Institutional members, associate, individual and honorary members must have been accepted by the General Assembly upon proposal of two other members, and they must undertake to pay the annual contribution that is decided yearly by the General Assembly.
The requests for admission must be sent in writing to the Executive Director or in absence to the Secretary Treasurer, who submits them at the closest General Assembly. The Executive Board may, before the closest General Assembly, decide to grant provisional membership and the members thus temporarily admitted are bound to pay the contribution as decided; they enjoy full rights except voting rights which will only be granted as soon as officially confirmed at the beginning of the General Assembly.
§5. The amount of the annual contribution shall be decided by the General Assembly, specifically for each category of membership.
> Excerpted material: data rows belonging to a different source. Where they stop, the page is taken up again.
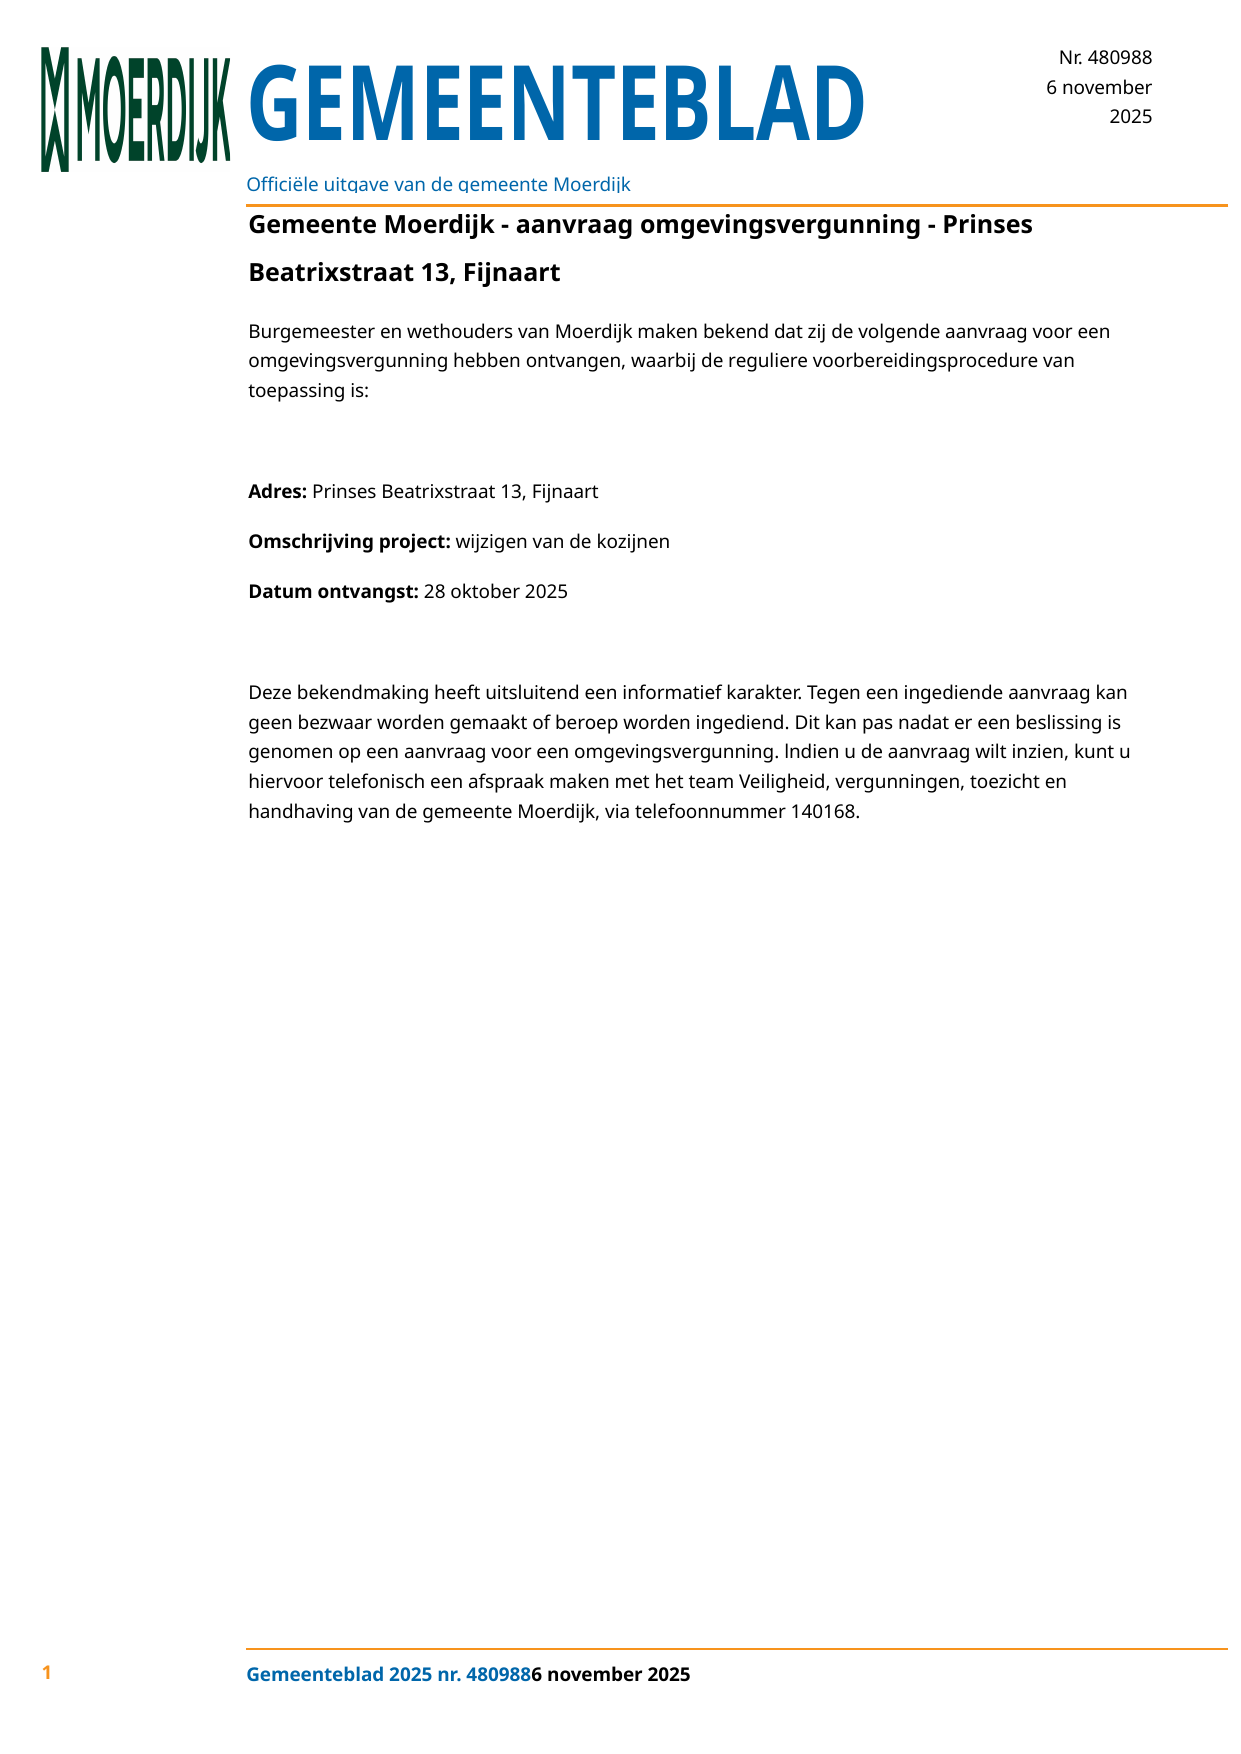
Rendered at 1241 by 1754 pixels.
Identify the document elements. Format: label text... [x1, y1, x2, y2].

text Datum ontvangst: 28 oktober 2025 [248, 579, 1152, 604]
text Deze bekendmaking heeft uitsluitend een informatief karakter. Tegen een ingediende aanvraag kan geen bezwaar worden gemaakt of beroep worden ingediend. Dit kan pas nadat er een beslissing is genomen op een aanvraag voor een omgevingsvergunning. lndien u de aanvraag wilt inzien, kunt u hiervoor telefonisch een afspraak maken met het team Veiligheid, vergunningen, toezicht en handhaving van de gemeente Moerdijk, via telefoonnummer 140168. [248, 679, 1152, 824]
text Adres: Prinses Beatrixstraat 13, Fijnaart [248, 478, 1152, 504]
picture [41, 47, 231, 172]
text Gemeente Moerdijk - aanvraag omgevingsvergunning - Prinses Beatrixstraat 13, Fijnaart [248, 207, 1152, 288]
text Omschrijving project: wijzigen van de kozijnen [248, 528, 1152, 554]
text Burgemeester en wethouders van Moerdijk maken bekend dat zij de volgende aanvraag voor een omgevingsvergunning hebben ontvangen, waarbij de reguliere voorbereidingsprocedure van toepassing is: [248, 318, 1152, 403]

§6. Every institutional member shall nominate two types of representatives. For the continuing links with the Association, the two persons will be the Dean/Director on one hand and on the other hand the "ASPHER contact person". The latter should be designated by the Dean/Director among colleagues holding important responsibilities within the institution. As far as the representation at General Assemblies is concerned, the procedure is described in §13.
§7. The members may withdraw on giving their notice to the President of the Executive Board, by registered letter with acknowledgement of receipt; they then loose their quality of members of the Association at the expiration of the current civil year.
The Executive Board may remove a member either for lack of payment of his/her contribution six months after its due date, or for serious reason. The Executive Board must, if need be, first of all request all explanations from the concerned member. The Executive Board issues a decision that may be submitted to the general Assembly that rules at the last resort.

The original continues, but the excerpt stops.